CIO | Nadine Terman @SolsteinCapital details what she's seeing in global financial markets.

Two Fingers on the Emergency Button

They’re still at an impasse on the debt ceiling discussions, and we don’t expect a resolution until the clock is striking midnight, and both sides realize that they’re pressing the red emergency button together. With 2024 being an election year, politicians are being politicians and not problem-solvers. Congress will probably have to step in with an extension until Sep 30, kicking the can down the road a few steps. Remember, though, that’s when the 2024 budget is discussed, so getting them to agree on more than one thing is exponentially harder.

Dumb Delay

Treasury investors will probably have to wait 4-5 days to get their money for June 6 maturities because of the debt ceiling nonsense.

Imports Impasse

A report came out showing a big drop in Chinese imports in April, fueling the narrative that China’s reopening isn’t “all that.” 42Macro called it months ago, with the view that fiscal stimulus is needed to keep the growth party going. The potential positive is that China could ease monetary policy, especially if Thursday’s API data is light, which could provide some fuel.

The Consumer


PayPal is down after disappointing guidance.

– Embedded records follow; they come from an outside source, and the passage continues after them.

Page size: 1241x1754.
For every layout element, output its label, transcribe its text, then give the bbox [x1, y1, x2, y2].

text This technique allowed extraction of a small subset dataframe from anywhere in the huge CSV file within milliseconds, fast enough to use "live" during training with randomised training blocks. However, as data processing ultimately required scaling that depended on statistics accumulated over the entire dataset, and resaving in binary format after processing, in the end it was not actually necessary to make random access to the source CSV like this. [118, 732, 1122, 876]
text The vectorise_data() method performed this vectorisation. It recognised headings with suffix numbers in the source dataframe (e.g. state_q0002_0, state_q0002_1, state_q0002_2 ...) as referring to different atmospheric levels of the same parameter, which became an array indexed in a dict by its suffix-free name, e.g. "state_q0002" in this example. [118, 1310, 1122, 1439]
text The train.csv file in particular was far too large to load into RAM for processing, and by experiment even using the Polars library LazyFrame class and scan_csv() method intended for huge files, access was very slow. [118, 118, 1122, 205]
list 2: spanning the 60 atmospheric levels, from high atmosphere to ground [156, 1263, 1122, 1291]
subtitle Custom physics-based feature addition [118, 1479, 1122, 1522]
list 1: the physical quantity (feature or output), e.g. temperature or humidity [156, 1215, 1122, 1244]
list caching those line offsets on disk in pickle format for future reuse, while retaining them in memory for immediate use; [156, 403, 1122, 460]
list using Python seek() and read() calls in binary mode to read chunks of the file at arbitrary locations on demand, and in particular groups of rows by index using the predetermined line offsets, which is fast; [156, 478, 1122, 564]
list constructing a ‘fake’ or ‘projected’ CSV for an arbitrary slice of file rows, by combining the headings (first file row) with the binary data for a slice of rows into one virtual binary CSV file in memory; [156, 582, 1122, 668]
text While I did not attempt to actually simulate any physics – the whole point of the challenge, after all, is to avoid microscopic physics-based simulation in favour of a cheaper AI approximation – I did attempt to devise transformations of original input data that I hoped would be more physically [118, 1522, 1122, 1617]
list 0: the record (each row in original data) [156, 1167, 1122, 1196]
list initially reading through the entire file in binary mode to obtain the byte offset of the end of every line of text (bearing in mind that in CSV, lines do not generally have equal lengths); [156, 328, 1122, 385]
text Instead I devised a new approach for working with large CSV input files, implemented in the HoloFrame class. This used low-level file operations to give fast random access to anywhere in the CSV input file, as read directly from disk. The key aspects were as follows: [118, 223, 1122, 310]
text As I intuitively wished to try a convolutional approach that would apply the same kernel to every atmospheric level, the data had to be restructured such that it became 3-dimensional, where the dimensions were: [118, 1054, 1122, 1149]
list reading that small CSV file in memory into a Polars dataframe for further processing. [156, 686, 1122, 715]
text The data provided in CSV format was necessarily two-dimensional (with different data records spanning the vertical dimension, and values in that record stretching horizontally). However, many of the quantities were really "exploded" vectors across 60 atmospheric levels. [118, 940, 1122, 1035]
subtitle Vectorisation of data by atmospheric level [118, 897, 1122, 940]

Under Armour is down after missing its estimates. If that weren’t enough, management provided guidance fell short of analysts’ low bar expectations for fiscal 2024. It looks like management pulled out all the promotional tools to drive the top line and to clear-out excess inventory. During the conference call, which sounded more like an impassioned halftime speech, the new CEO promised to “drive global brand heat and make better products.” To drive growth, she vowed to “go after women harder than this company has ever seen, full stop.” As the company is now entering a sixth year of restructuring since its founder and former CEO Kevin Plan resigned due to various scandals, we’ll bet the “under” and suggest the company hire a different consultant.

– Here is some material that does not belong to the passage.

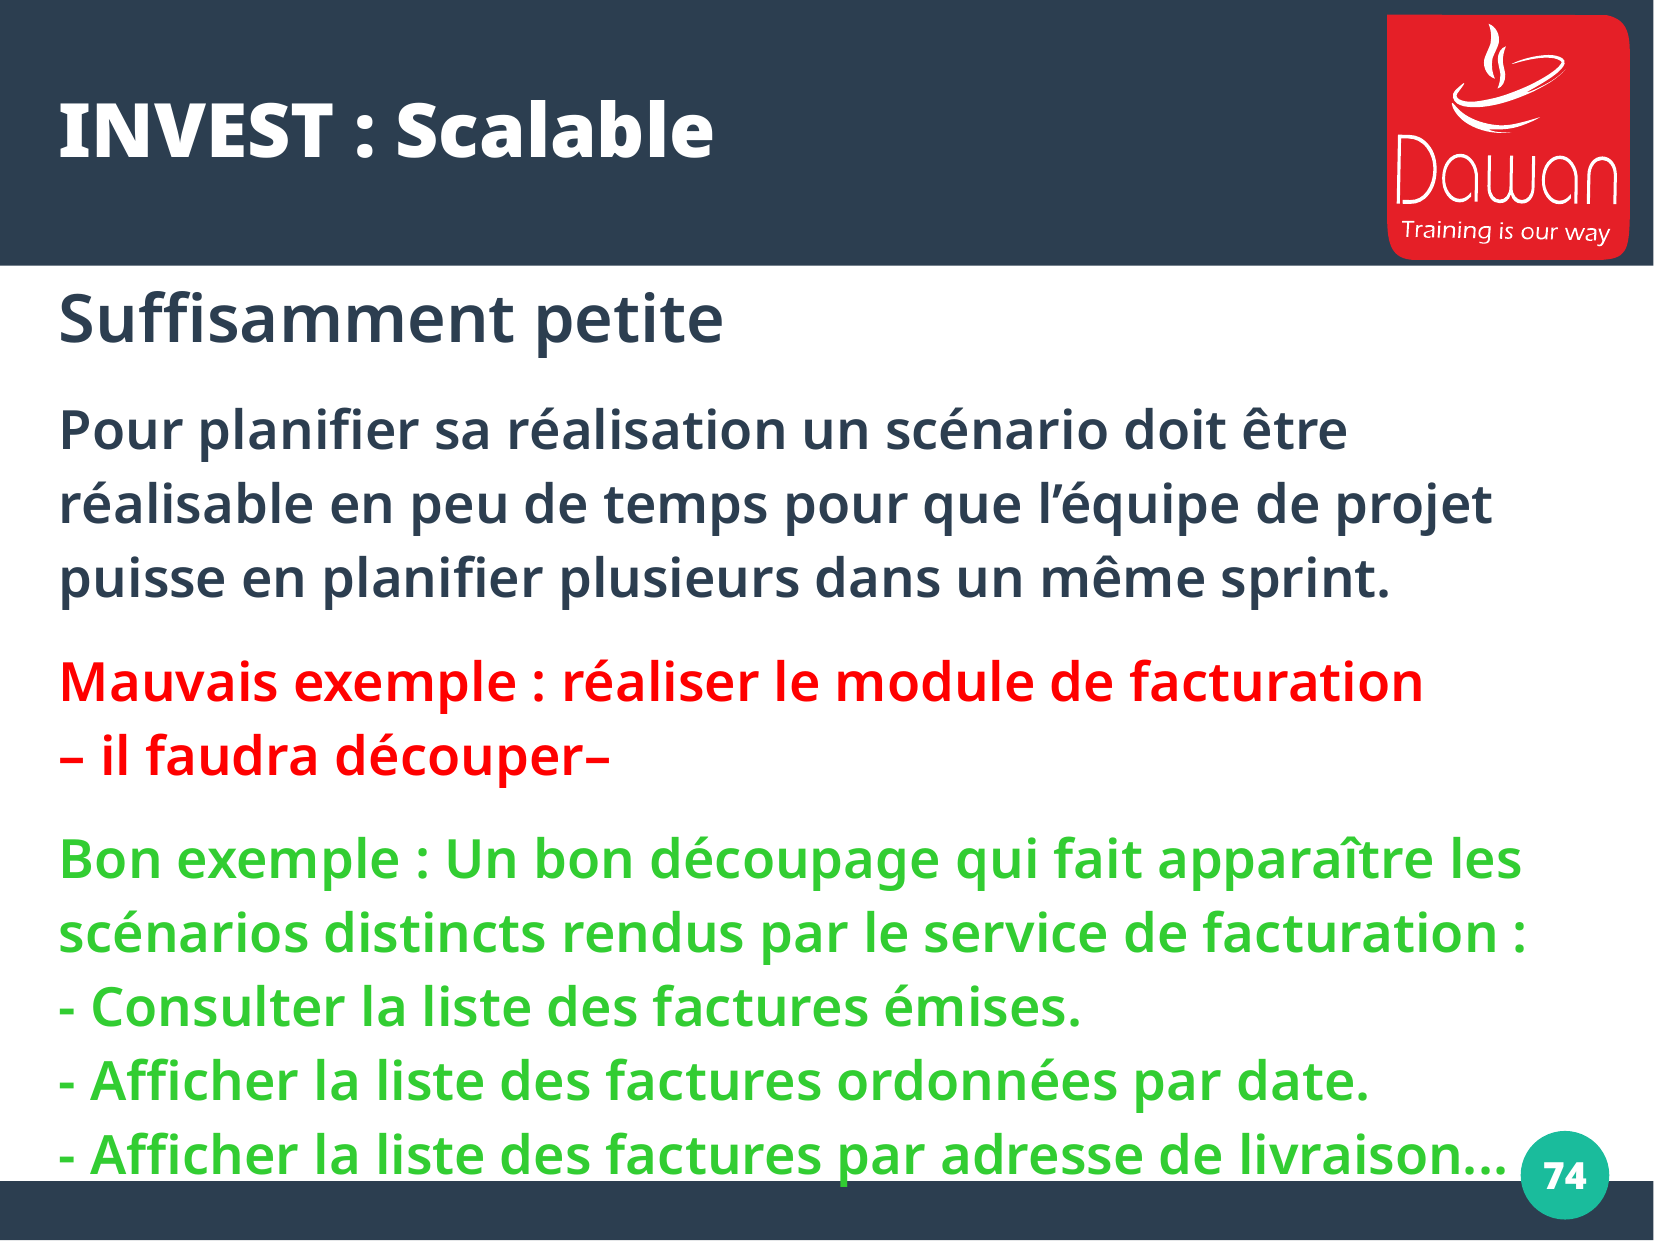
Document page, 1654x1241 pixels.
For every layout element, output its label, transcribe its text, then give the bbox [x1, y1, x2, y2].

list Suffisamment petite Pour planifier sa réalisation un scénario doit être réalisable en peu de temps pour que l’équipe de projet puisse en planifier plusieurs dans un même sprint. Mauvais exemple : réaliser le module de facturation – il faudra découper– Bon exemple : Un bon découpage qui fait apparaître les scénarios distincts rendus par le service de facturation : - Consulter la liste des factures émises. - Afficher la liste des factures ordonnées par date. - Afficher la liste des factures par adresse de livraison... [59, 271, 1619, 1241]
picture [1387, 14, 1630, 260]
title INVEST : Scalable [59, 49, 1387, 207]

So, put 2 checks in the negative outlook column. But analysts are out talking about how Netflix benefits from a “poor” consumer who tends to stay home and stream, and it is harder for its competitors (looking at you Paramount and Disney) to fight the streaming war.

But What About AI?


Yes, we can talk about AI, even if Omaha doesn’t think it’s going anywhere. Palantir ripped 20% after stating that the demand for its AI tool is off the charts.

Late to the Party

Schwab stated that it started using derivatives to hedge interest rate-related risk in 1Q23, valued at $3.9bn at quarter-end. Kind of late to the “massive moves in interest rates” party.

Early Warning

One of Sweden’s biggest commercial landlords, SBB, postponed a dividend, threw out its plan to sell shares after getting a junk downgrade, and is looking to sell assets to fill a funding hole. Higher interest rates and investor concerns are limiting its ability to refinance $40.8bn in debt maturing over the next 5 years, 1/4th of which comes due this year. Short-term debt + floating rate = not good.

Super Tank


Benchmark rates for oil-porting supertankers fell by around 75% because OPEC+ is stating it will slash supply to keep prices high, so there are less volumes on those tankers.

Lack of Optimism

The April NFIB Small Biz Optimism Index points to slower growth.

CTA Positioning

CTAs cut exposure the last few weeks, selling about $5-10bn, which is expected to continue, per UBS. They say that EM equities should ride this out fine, given inflows. Where were the sales? Energy, ag commodities, materials. Where are they long? Credit. But that’s expected to decline too. For rates, they’re long APAC and short the UK/EZ.